New on Blu-ray and DVD, They Came Together is a film that stars Paul Rudd as an executive at a heartless conglomerate and Amy Poehler as a small business owner at risk of losing her store to the major competition. The two soon meet one another, where rivalry ensues –and then romance –and then rivalry again. That’s a surface-level description. If it sounds familiar, it’s intentional. This movie is the latest comedy from the hilarious David Wain who borrows from You’ve Got Mail and countless other yuppy-centric movies to do a rather funny lampoon on modern romantic comedies.

Instead of a bookstore, it’s a cute little candy shop and the evil corporation with a high-rise tower is completely devoted to monopolizing the business of candy. In the pursuit of romance, Poehler’s character has a co-worker/best friend who is an unrealistically giving person. Rudd’s character confides in bunch of bros down at the basketball court who play (badly) while offering conflicting advice, based on whichever male archetype they literally claim to be.

Along with Christopher Meloni, Bill Hader, Ellie Kemper, Max Greenfield, Ed Helmes, Cobie Smulders, Michael Ian Black and way too many people to list, this New York-set rom-com mockery swells with brilliant delivery of absurd exchanges.

I laughed throughout this whole film, but I won’t be quick to give it a broad recommendation. For a guy who sees way too many movies, a flick like this feels like a liberating escape. To someone else, it may come across as obnoxious. There are also people who don’t get this kind of humor, sadly lacking the capability of understanding a movie that refuses to take itself seriously in any way.

There are other movies, which have honorably spoofed a genre using similar tactics. Black Dynamite spoofed blaxpoitation better than any other film that tried. Down with Love was a very clever take on the Doris Day and Rock Hudson sex comedies of the Kennedy era. One of my absolute favorites, however, was David Wain’s first film, Wet Hot American Summer, which was a send-up of summer camp comedies of the 1980s.

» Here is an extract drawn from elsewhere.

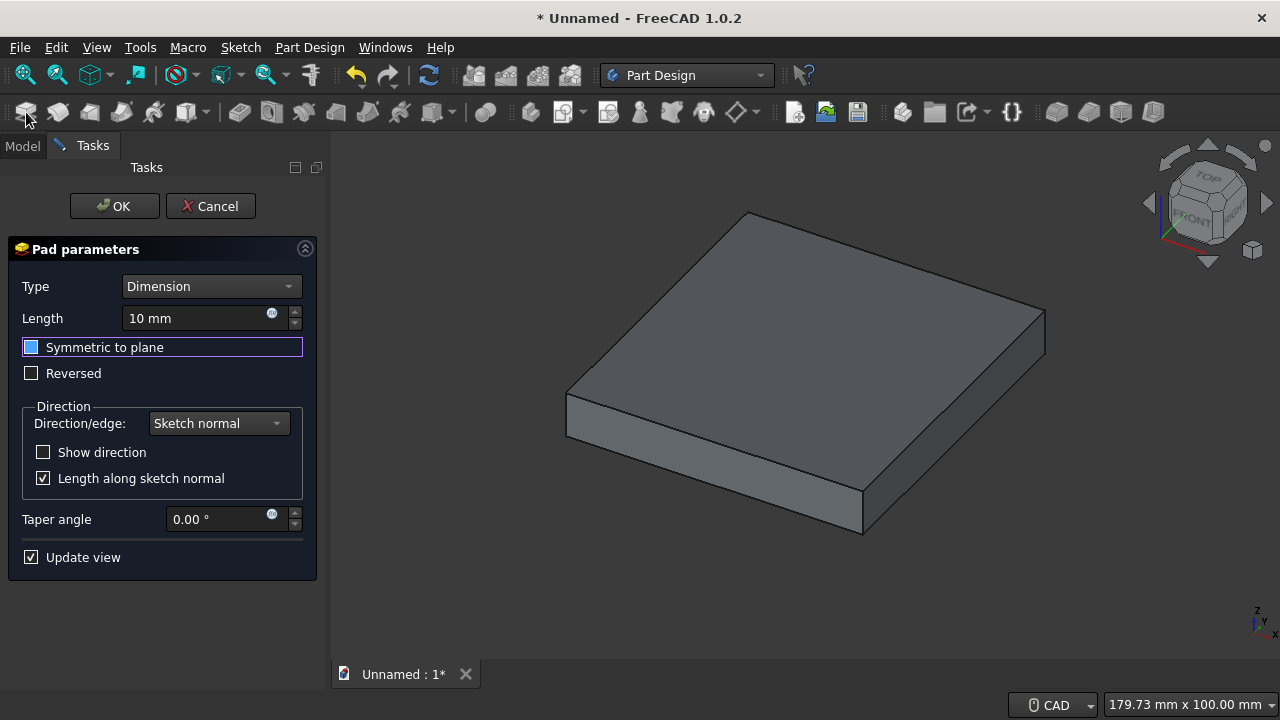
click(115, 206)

Wain’s material, with the help of his longtime co-writer Michael Schowalter has a knack for following the path of formulaic entertainment only to address every cliché as it is met, by either overplaying it or subverting our expectations in an outrageously inappropriate way.

One of the most unforgettable examples of this can be found in Wet Hot where the teen counselors go into town to get away from the campground for a bit. What follows is a joyous montage with happy eighties rock playing as they party a little while engaging in the benefits of being away from their responsibilities. They eat a little McDonalds and then score a pack of beer, some cigs, and a little weed… Before you know it, they steal a purse from an old lady, buy some heroin in an alley and are then seen passed out in shambles while lurking in a crack house. Then it shows them return to camp, all smiles, in perfect health with the implication that only an hour has passed.

Watch that scene here

His comedy trio Stella, with his co-creator Michaels (Ian Black and Showalter), was also an energetic abandonment of logic or any seriousness. In the form of stage show, internet shorts and a short-lived TV show, the three well-dressed men try to fit in with society while their hijinks leave a path of destruction, but will always inexplicably find reward in the end. 

Wain later moved on to do a trio of movies with co-writer/actor, Ken Marino. The first was sketch comedy movie called The Ten, which was a series of short films -all supposedly reflecting each of the Ten Commandments. Their oddball comedy was followed by Role Models and Wanderlust, which were both comparatively grounded with a more standard comic narrative. They both had a good deal of hilarity but I felt as though Wain and his The State alum were falling into a less adventurous format in favor more conventional comedy.


While They Came Together isn’t nearly as funny as Wet Hot, I still felt a good deal of satisfaction watching a film where Wain gets back to the style that best suits him. I’ve always had a weakness for irreverence when it comes to getting a laugh. From The Marx Brothers to Monty Python and the Holy Grail to the Naked Gun movies and even Alex Winter's little-known insane feature, Freaked, I will always favor comedy that has the courage to abandon all reason.